(The records begins)

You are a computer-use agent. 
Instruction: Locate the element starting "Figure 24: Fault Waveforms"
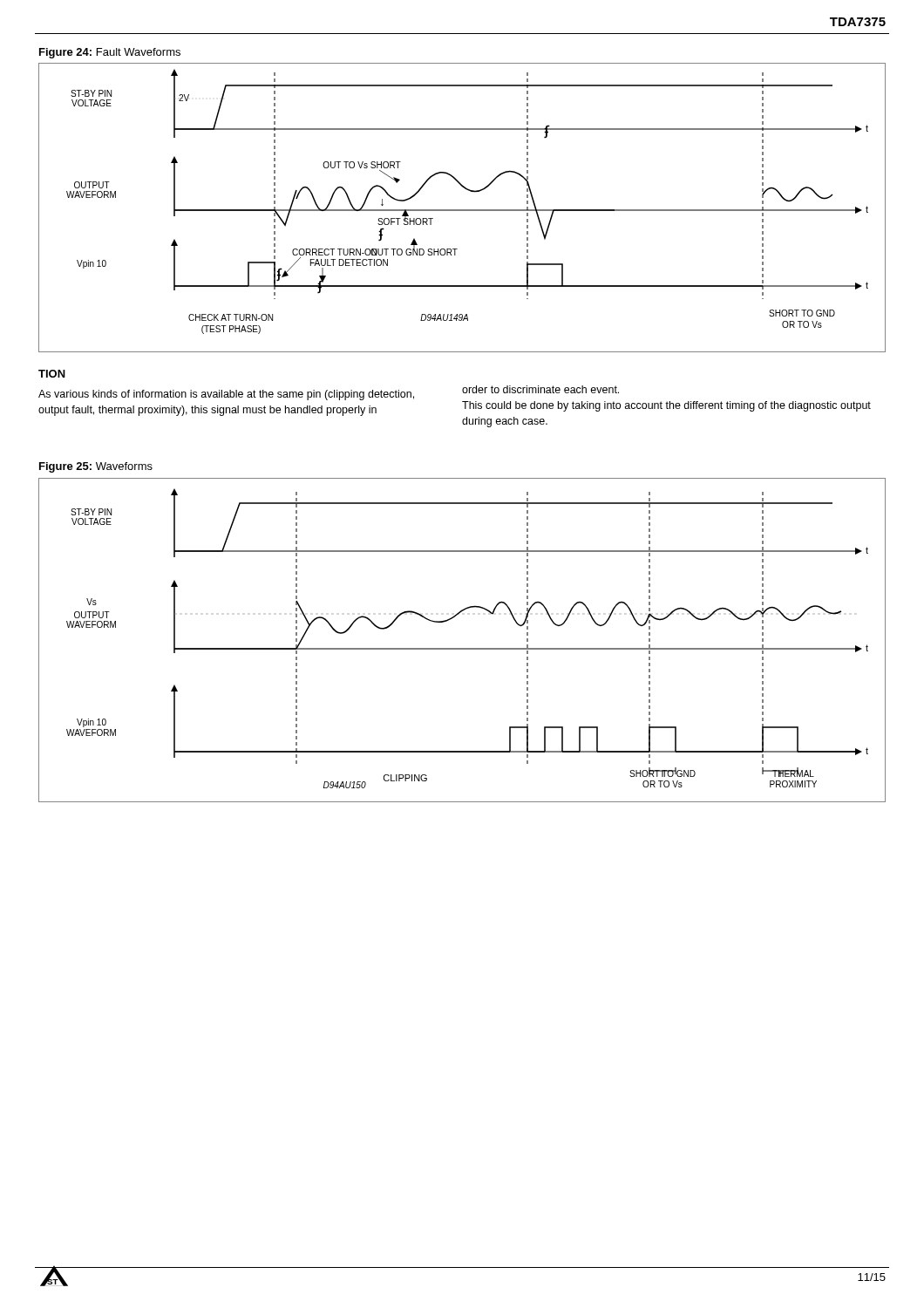point(110,52)
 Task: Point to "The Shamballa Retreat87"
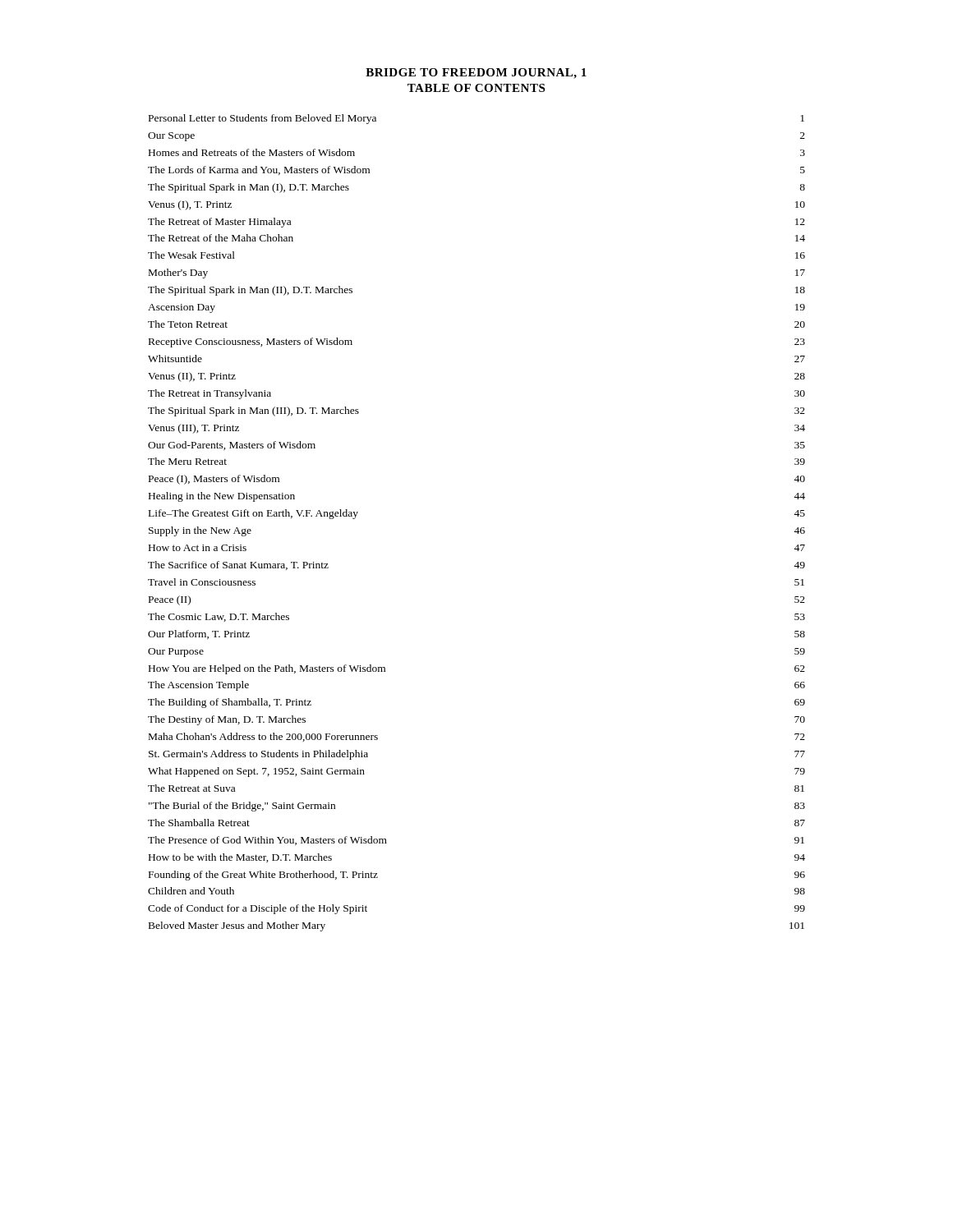coord(201,822)

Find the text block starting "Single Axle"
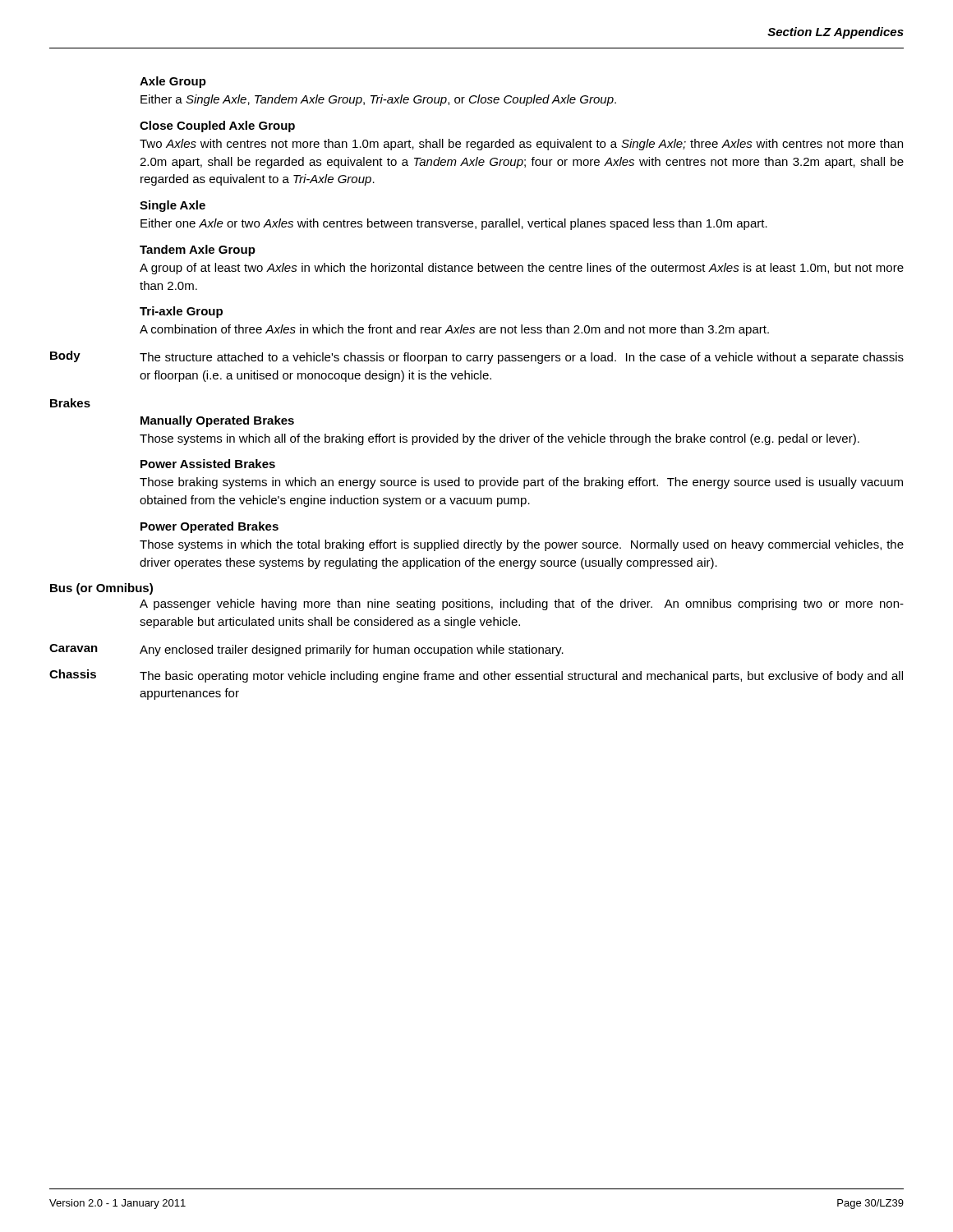pos(173,205)
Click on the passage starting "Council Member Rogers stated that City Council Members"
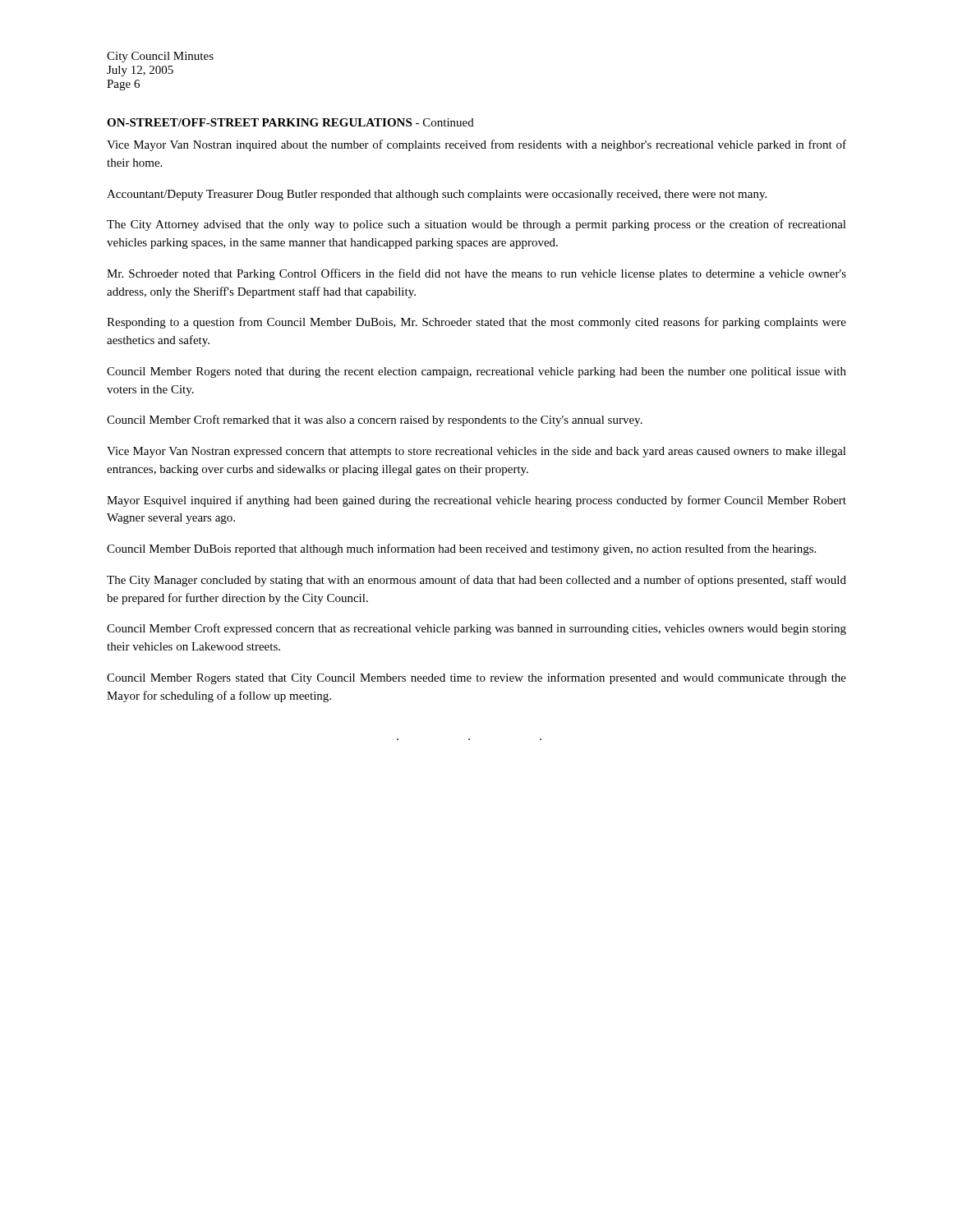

(The records ends)

Your task: The expected result is the material restated word for word, minus any picture.

Answer:
You are a computer-use agent. 
Instruction: Locate the element starting "Figure 24: Fault Waveforms"
point(110,52)
 Task: Point to "The Shamballa Retreat87"
coord(201,822)

Find the text block starting "Single Axle"
pos(173,205)
Click on the passage starting "Council Member Rogers stated that City Council Members"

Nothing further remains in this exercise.